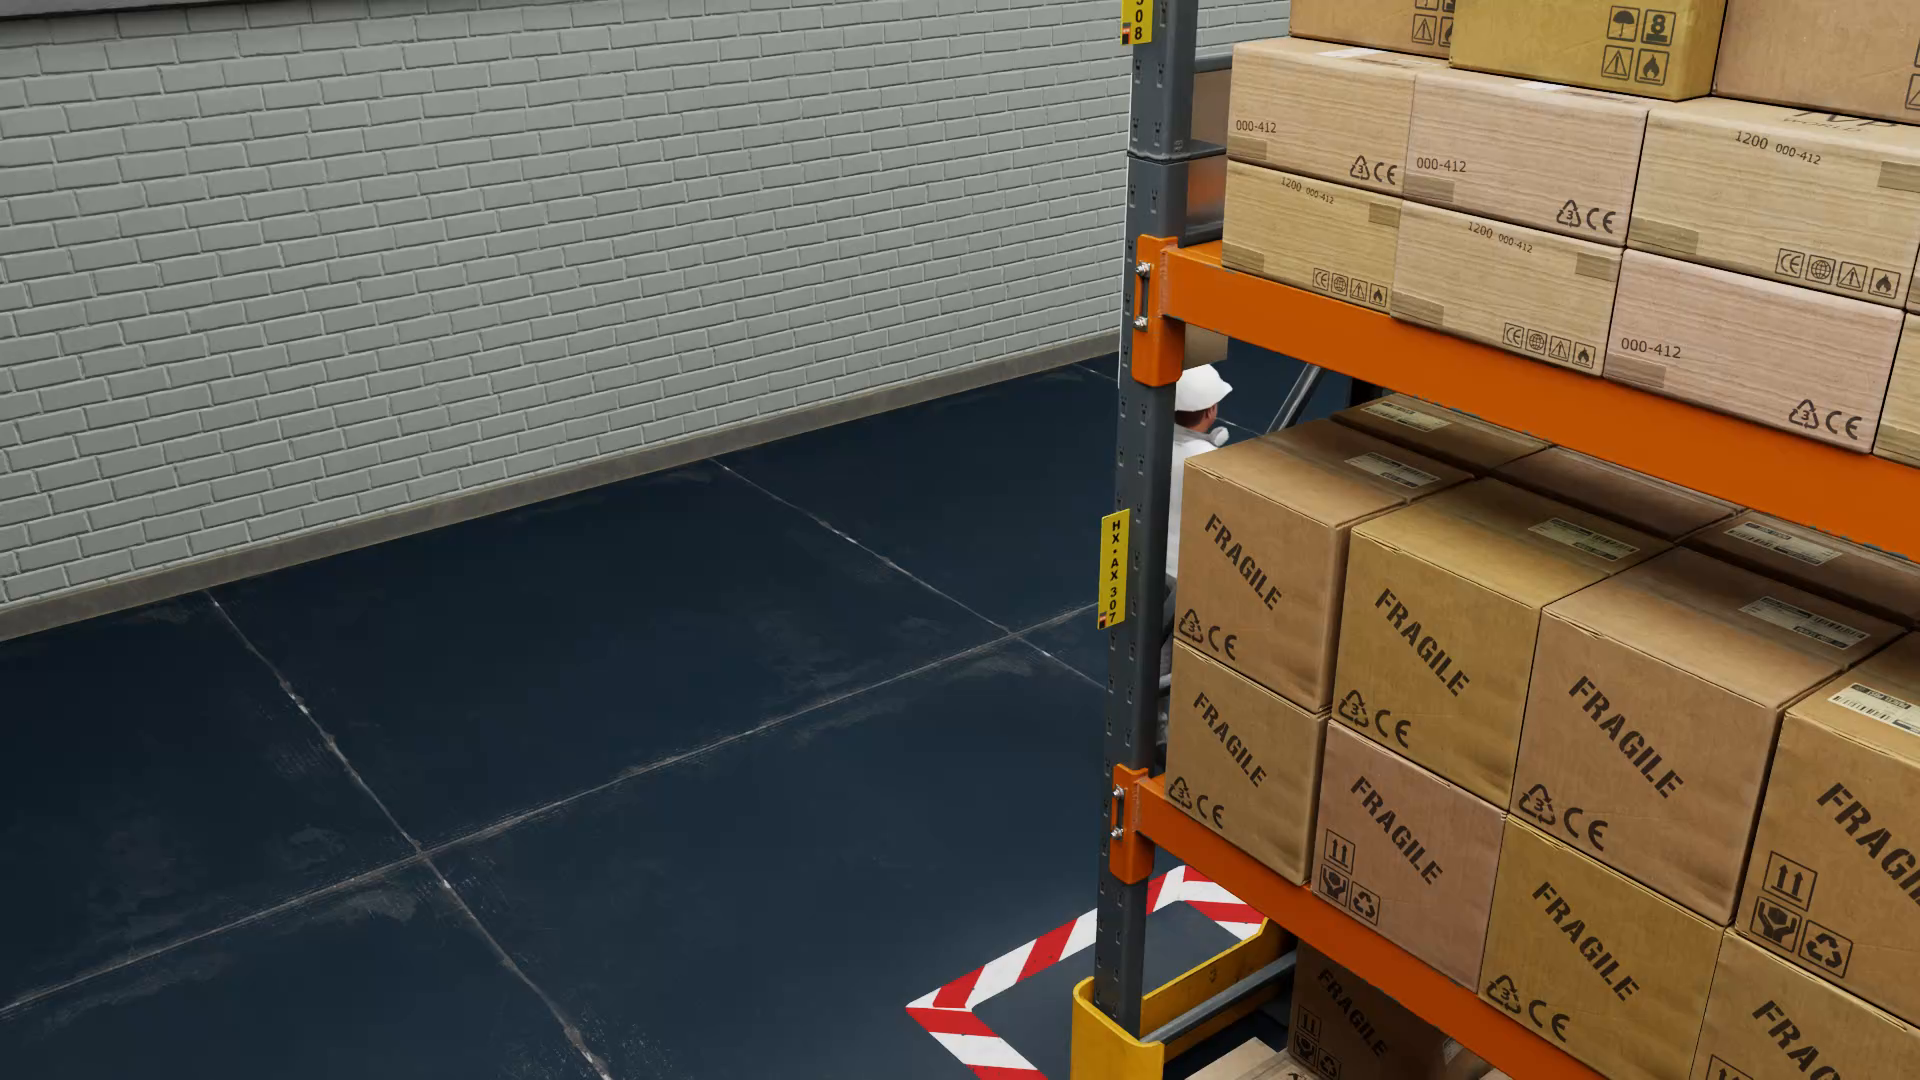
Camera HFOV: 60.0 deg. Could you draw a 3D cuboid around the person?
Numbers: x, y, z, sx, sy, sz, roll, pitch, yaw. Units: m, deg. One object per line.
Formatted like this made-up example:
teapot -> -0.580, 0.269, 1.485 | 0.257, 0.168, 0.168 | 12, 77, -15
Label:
person -> 0.944, 0.114, 6.859 | 0.359, 1.792, 0.531 | -17, 30, -33
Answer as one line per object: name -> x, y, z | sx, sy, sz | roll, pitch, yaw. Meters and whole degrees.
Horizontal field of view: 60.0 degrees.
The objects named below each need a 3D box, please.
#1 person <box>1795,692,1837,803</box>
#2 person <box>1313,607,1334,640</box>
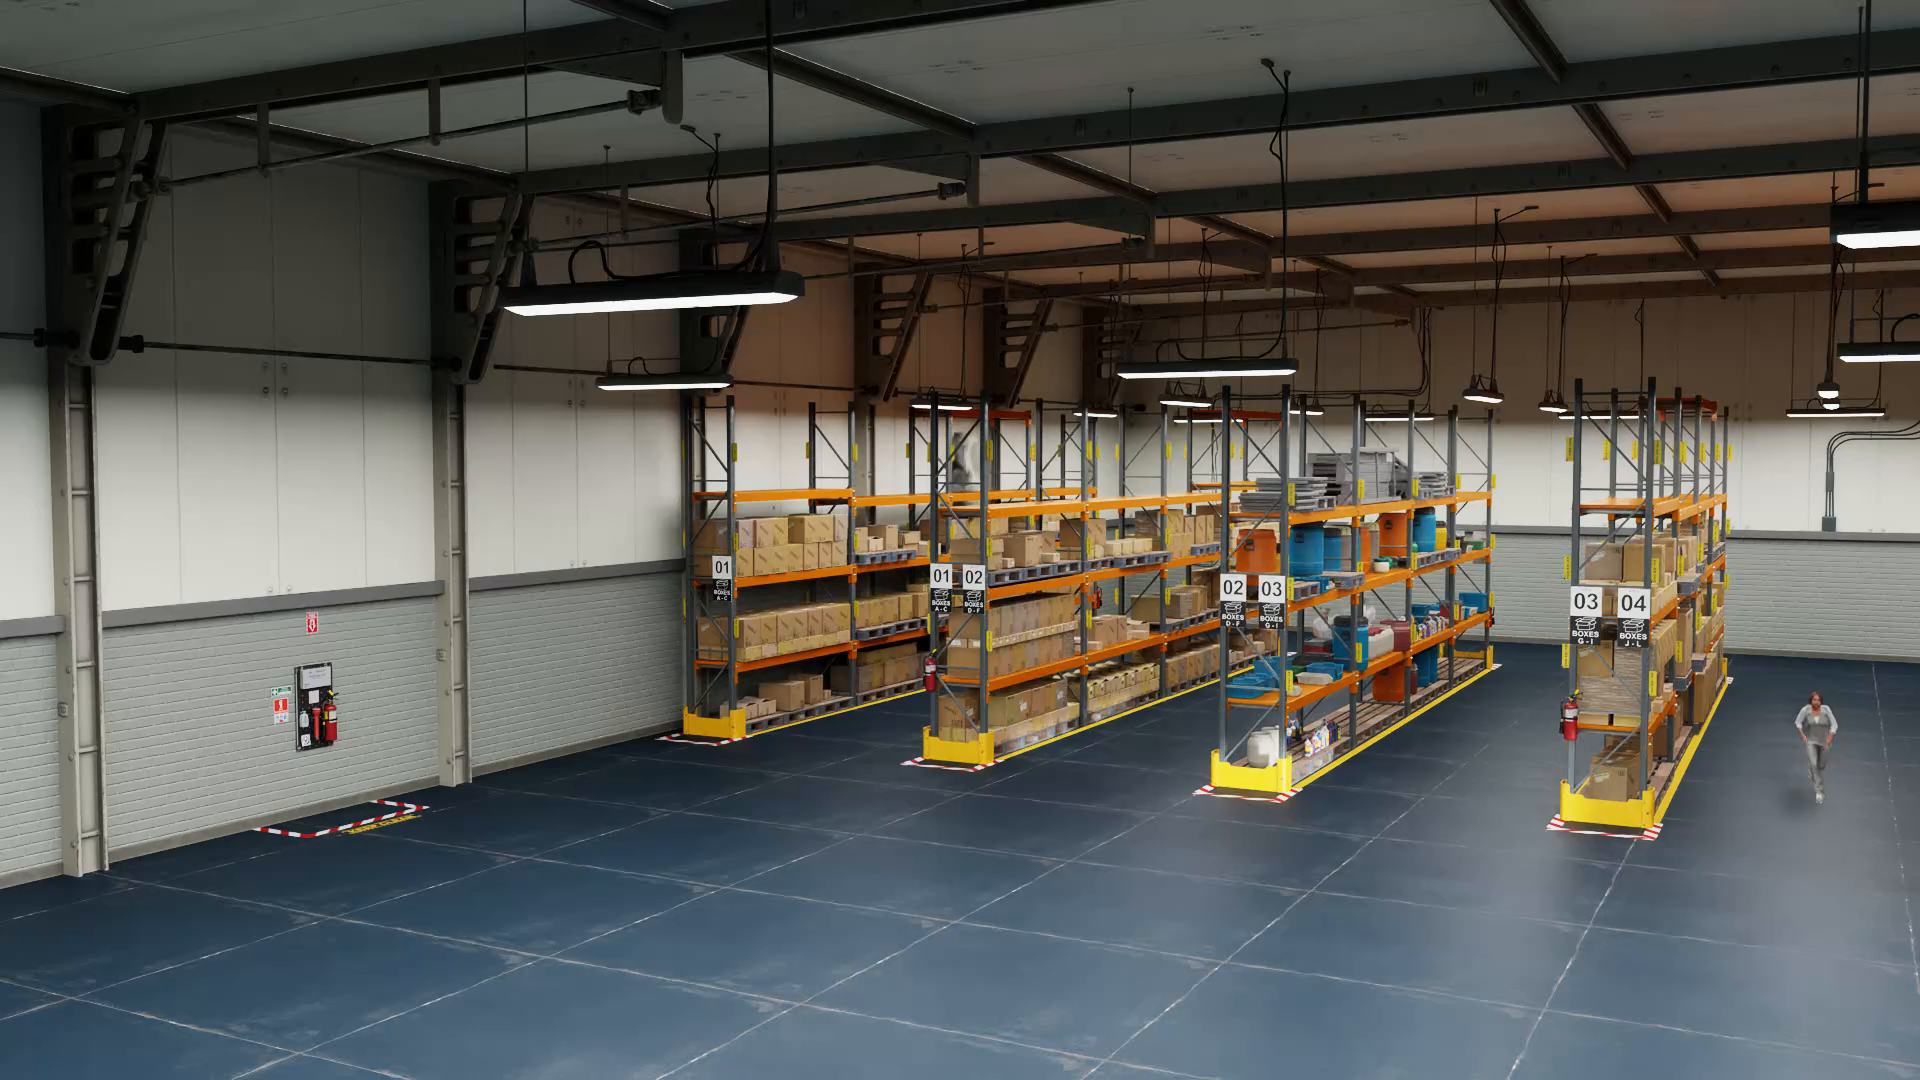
person -> 12.427, 2.967, 24.169 | 0.539, 1.585, 0.880 | 1, 3, 20
person -> 7.965, 2.275, 36.099 | 0.655, 1.705, 0.762 | 2, 3, 27
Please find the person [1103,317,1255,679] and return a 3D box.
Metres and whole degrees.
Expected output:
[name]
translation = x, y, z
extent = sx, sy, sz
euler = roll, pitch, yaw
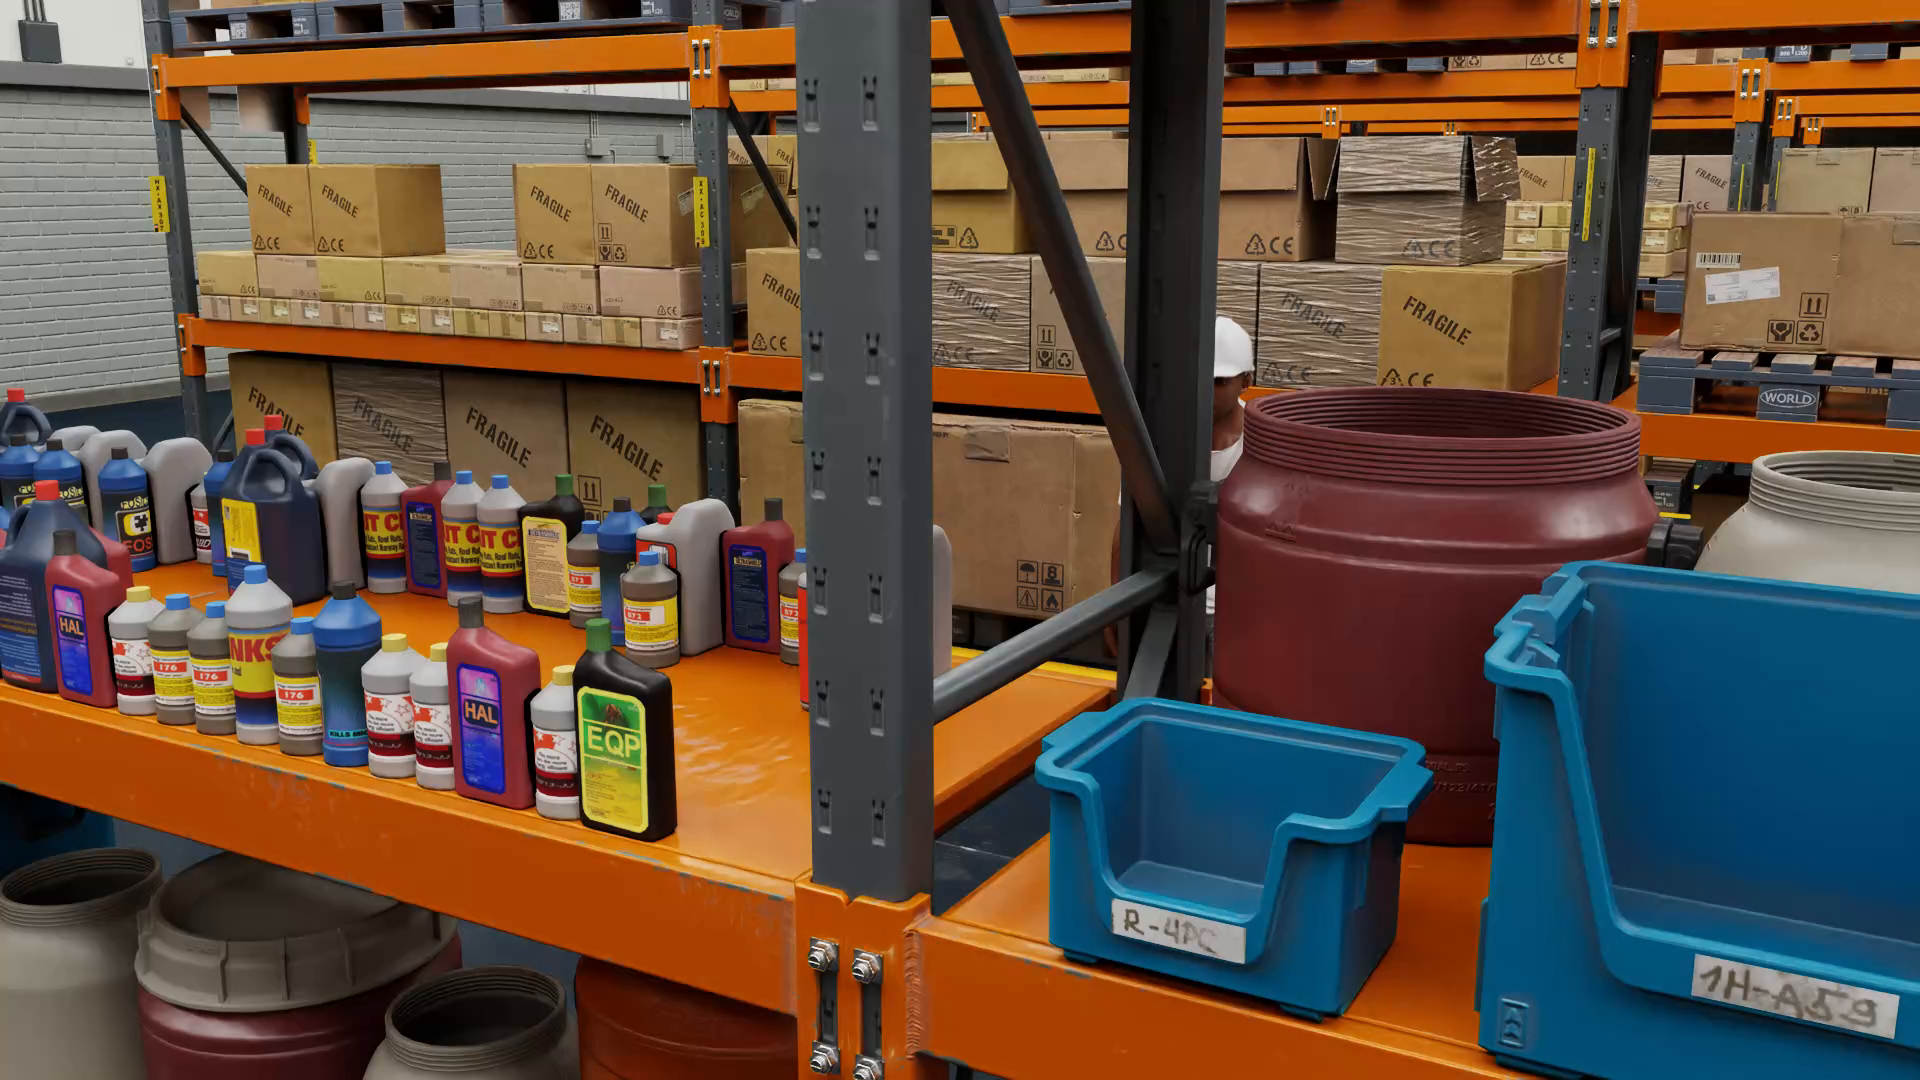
━━━━━━━━
Problem to work on: Search the records above for the string "pitch". Report each line that has it.

Solution to this problem:
Numbers: x, y, z, sx, sy, sz, roll, pitch, yaw. Units: m, deg. One object per line.
Answer as one line per object: name -> x, y, z | sx, sy, sz | roll, pitch, yaw. Meters and whole degrees.
euler = roll, pitch, yaw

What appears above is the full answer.